What to do →
Below are the records. Retype exactly the lines between the lines holding "5. small metal block (103, 44, 143, 83)" and "4. large metal block <box>90,53,170,138</box>", inclusive.

Data under study →
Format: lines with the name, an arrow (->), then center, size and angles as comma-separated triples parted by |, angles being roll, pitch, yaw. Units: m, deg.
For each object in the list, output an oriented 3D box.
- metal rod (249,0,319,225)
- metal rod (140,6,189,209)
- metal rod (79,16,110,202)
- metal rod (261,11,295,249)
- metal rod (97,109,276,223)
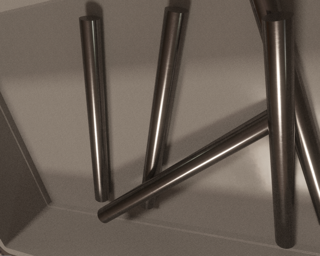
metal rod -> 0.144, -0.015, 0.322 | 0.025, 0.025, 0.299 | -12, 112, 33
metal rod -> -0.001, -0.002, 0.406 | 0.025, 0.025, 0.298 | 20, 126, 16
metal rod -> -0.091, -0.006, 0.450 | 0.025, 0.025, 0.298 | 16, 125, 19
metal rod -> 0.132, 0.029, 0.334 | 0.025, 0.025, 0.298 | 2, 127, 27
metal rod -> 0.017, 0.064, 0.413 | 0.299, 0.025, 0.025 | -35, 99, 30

---

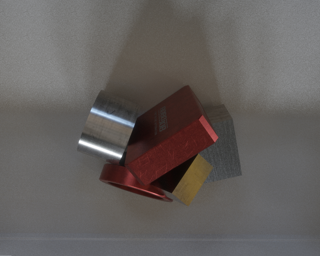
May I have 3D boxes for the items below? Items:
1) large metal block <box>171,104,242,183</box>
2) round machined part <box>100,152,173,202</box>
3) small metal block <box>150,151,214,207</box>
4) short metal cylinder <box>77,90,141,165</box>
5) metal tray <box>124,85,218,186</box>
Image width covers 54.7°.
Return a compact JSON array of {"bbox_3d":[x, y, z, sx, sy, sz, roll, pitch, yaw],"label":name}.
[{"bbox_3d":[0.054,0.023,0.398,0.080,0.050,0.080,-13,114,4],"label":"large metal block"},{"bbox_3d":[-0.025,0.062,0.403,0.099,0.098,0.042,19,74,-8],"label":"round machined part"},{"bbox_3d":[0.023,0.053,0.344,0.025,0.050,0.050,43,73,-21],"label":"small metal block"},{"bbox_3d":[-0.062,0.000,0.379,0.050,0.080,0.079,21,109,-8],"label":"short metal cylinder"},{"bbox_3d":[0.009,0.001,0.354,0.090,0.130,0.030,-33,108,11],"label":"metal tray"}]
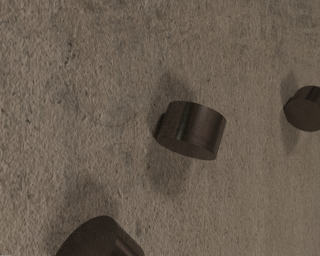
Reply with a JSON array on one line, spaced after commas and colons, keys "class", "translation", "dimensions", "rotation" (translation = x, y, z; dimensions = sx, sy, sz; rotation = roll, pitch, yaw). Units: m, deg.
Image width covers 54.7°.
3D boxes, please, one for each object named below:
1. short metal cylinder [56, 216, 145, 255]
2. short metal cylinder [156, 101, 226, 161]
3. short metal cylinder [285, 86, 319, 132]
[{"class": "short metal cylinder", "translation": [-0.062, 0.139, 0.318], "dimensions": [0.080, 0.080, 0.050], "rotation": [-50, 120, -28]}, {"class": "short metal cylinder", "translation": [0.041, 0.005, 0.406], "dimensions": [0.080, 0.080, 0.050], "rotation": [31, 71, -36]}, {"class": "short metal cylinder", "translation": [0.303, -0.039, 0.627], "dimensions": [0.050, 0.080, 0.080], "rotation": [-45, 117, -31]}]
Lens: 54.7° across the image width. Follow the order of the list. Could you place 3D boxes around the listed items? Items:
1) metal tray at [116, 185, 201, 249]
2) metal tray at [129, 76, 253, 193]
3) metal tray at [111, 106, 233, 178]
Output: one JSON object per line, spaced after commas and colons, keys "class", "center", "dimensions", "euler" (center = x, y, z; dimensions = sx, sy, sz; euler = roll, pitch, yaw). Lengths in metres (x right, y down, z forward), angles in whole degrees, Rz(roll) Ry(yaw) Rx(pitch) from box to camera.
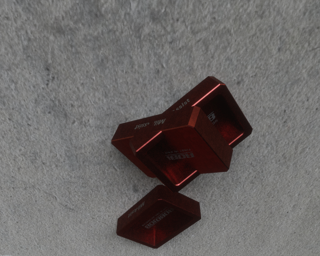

==

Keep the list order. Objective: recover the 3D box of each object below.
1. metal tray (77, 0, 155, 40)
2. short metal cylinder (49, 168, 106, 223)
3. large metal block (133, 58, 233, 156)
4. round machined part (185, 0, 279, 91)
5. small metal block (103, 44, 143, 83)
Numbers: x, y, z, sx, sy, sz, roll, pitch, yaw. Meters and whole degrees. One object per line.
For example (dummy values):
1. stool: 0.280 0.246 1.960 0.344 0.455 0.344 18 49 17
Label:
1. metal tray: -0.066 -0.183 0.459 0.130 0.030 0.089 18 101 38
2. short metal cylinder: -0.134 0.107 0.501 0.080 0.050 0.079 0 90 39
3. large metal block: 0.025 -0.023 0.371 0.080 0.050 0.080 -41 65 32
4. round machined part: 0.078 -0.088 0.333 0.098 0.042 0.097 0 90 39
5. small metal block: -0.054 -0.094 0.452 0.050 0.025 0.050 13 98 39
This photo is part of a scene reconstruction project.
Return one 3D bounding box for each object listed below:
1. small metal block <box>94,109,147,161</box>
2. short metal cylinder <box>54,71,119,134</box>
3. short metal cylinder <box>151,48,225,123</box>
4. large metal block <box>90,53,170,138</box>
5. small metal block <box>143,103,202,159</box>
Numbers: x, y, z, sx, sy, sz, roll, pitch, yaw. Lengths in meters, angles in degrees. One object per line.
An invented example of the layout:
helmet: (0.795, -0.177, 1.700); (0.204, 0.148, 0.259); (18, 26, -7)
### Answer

Your solution →
5. small metal block (103, 44, 143, 83)
Numbers: x, y, z, sx, sy, sz, roll, pitch, yaw. Meters and whole degrees. One object per line.
For example (dummy values):
1. stool: 0.280 0.246 1.960 0.344 0.455 0.344 18 49 17
Label:
1. metal tray: -0.066 -0.183 0.459 0.130 0.030 0.089 18 101 38
2. short metal cylinder: -0.134 0.107 0.501 0.080 0.050 0.079 0 90 39
3. large metal block: 0.025 -0.023 0.371 0.080 0.050 0.080 -41 65 32
4. round machined part: 0.078 -0.088 0.333 0.098 0.042 0.097 0 90 39
5. small metal block: -0.054 -0.094 0.452 0.050 0.025 0.050 13 98 39
This photo is part of a scene reconstruction project.
Return one 3D bounding box for each object listed below:
1. small metal block <box>94,109,147,161</box>
2. short metal cylinder <box>54,71,119,134</box>
3. short metal cylinder <box>151,48,225,123</box>
4. large metal block <box>90,53,170,138</box>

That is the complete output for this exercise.